Rewrite radeon_cp_dispatch_texture() to avoid pingponging back to userspace
authorKeith Whitwell <keith@tungstengraphics.com>
Fri, 6 Dec 2002 12:22:43 +0000 (12:22 +0000)
committerKeith Whitwell <keith@tungstengraphics.com>
Fri, 6 Dec 2002 12:22:43 +0000 (12:22 +0000)
    when issue large (multi-buffer) uploads.

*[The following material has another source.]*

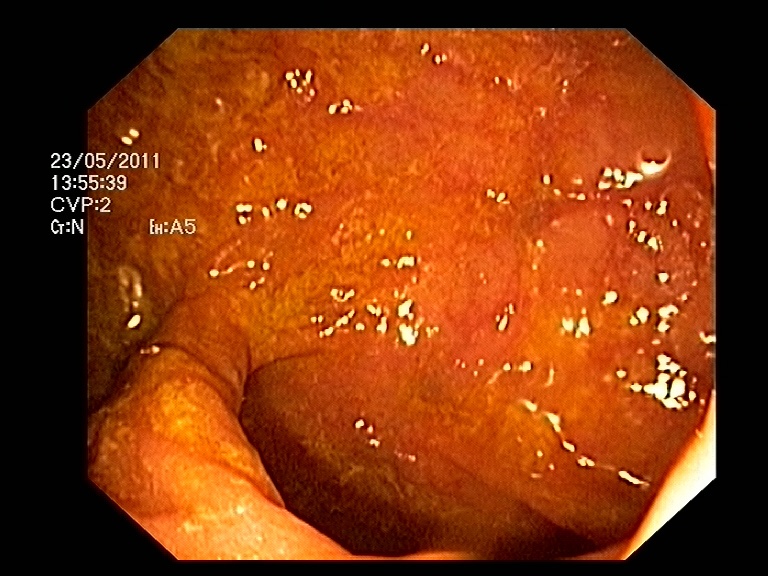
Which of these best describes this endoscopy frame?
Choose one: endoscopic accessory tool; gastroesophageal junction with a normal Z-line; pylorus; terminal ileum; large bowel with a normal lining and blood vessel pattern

large bowel with a normal lining and blood vessel pattern

shared-core/radeon_state.c
shared/radeon_state.c

index 7b480a7..1fe007b 100644 (file)
@@ -1074,19 +1074,30 @@ static int radeon_cp_dispatch_texture( drm_device_t *dev,
        const u8 *data;
        int size, dwords, tex_width, blit_width;
        u32 y, height;
-       int ret = 0, i;
+       int i;
        RING_LOCALS;
 
        dev_priv->stats.boxes |= RADEON_BOX_TEXTURE_LOAD;
 
-       /* FIXME: Be smarter about this...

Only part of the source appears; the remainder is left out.